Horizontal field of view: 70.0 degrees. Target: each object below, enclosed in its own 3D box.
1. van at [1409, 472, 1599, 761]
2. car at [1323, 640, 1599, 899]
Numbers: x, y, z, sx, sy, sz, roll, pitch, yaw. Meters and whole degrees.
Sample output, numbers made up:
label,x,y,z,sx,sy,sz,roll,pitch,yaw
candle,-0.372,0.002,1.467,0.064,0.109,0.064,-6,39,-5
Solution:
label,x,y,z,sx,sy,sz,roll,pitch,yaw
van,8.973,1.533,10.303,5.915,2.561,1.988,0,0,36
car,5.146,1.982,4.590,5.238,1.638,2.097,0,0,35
--
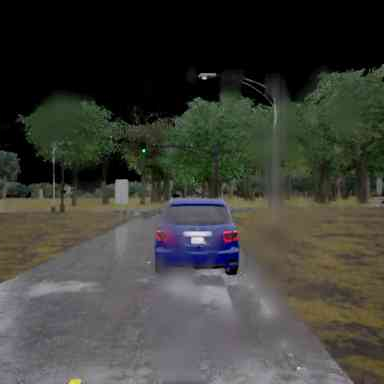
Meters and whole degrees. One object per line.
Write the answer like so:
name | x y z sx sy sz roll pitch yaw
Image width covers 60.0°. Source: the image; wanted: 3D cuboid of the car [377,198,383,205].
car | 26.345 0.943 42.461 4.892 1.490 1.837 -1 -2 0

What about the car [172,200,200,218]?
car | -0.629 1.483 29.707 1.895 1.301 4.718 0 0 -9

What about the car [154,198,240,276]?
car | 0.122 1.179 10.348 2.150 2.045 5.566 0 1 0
--
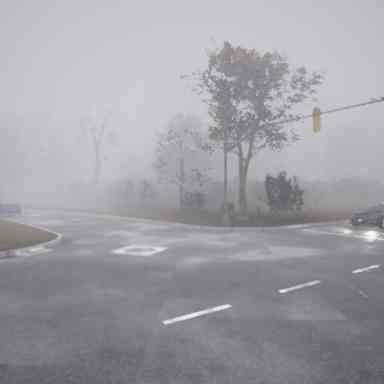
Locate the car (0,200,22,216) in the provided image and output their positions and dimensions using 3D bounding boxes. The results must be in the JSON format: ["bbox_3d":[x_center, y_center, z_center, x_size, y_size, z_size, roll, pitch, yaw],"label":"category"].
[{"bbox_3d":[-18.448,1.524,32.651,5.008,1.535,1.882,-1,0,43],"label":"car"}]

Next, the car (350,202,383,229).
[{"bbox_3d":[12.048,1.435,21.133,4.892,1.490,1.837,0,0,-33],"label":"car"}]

§ **TASK GOAL**: In the data above, which lines lie between the line with "2. car at [1323, 640, 1599, 899]" and the line with "candle,-0.372,0.002,1.467,0.064,0.109,0.064,-6,39,-5", inclusive? Print those lines exactly and nothing else.

§ **TASK SOLUTION**:
2. car at [1323, 640, 1599, 899]
Numbers: x, y, z, sx, sy, sz, roll, pitch, yaw. Meters and whole degrees.
Sample output, numbers made up:
label,x,y,z,sx,sy,sz,roll,pitch,yaw
candle,-0.372,0.002,1.467,0.064,0.109,0.064,-6,39,-5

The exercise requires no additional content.